I have an Ultimaker 2 and a Makerbot clone Wanhao Duplicator 4S. They are in two different classes from a price point which is a major con from the UM side. The beast is expensive! On the other hand you are getting quality for that money. The printer looks really nice, almost Apple’ish in terms of design.

The UM2 comes out of the box ready to print and do so at high quality. I was not particularly happy with some of the tuning options that Cura provides, in particular around bridging, but that is me being particular. I have moved to using Simplify3D and finally have a profile that I really like so I am happy with bridging!

Speaking of Simplify3D, and I am not marketing it just making a point, you normally should print from the SD card for reliability and even quality reasons, however, with Simplify3D you can print across the USB connection.

Whatever printer you get stay away from proprietary solutions. As someone else said…you need to be able to choose where you get your filament. I have cheap stuff that prints as well as expensive stuff. in that case you have to love the cheap stuff.

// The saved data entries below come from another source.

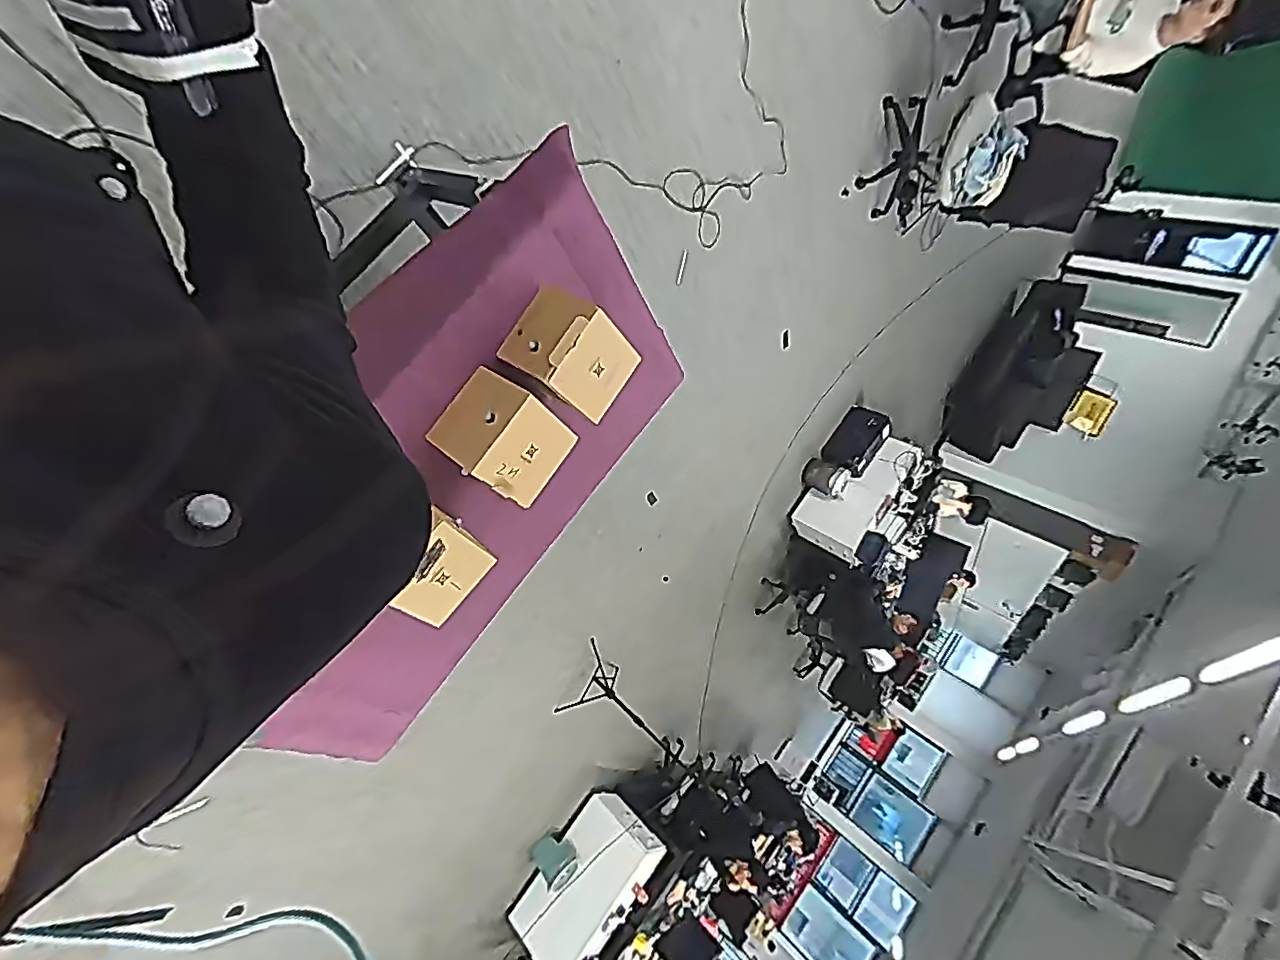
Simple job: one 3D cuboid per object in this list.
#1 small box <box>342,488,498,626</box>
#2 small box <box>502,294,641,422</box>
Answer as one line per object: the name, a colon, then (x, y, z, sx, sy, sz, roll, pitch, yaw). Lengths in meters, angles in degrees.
small box: (-0.410, 0.137, 1.009, 0.168, 0.176, 0.179, -50, 145, -12)
small box: (-0.136, -0.245, 1.066, 0.168, 0.176, 0.179, -56, 145, -3)

My one concern around the UM2 is whether you want to print ABS. IMHO the UM2 is really geared to printing PLA. No open printer is going to be as good at printing ABS as a closed printer. You can get stuff to close up the UM2 (even a bin liner can work) or you can keep it in a hot no draft closet, but if you should think about how much ABS you want to print before you buy the UM2.

Bottom line is that I would buy the UM2 again.

This is the truest of statements that I have ever read on a message board: “If you have never used a 3D printer before, then you are in for a shock, because 3D printing is really very, very hard beyond the simplest of things. …if you want really great results the greatest skill you need is infinite patience and print things really slowly.”

So very very true. It is lucky that I am retired because I have spent countless hours calibrating my two printers (UM2 and a Makertbot Clone) to be able to print a stupid calibration object (#3DBenchy). To the point of obsession. My wife would say beyond. But it is a beautiful thing when you see something go from your modeling software into reality and it is worth the pain.

hi Annika

good choice, i have one Ultimaker 2 and 2 Ultimaker 1 and while i like the UM2, I still sometimes prefer the UM1 because everything is easier to fix and more hands on. The print quality is also pretty much the same, the single andvantage if the UM2 is that it has two fans, but you can easily add a second one to the UM1.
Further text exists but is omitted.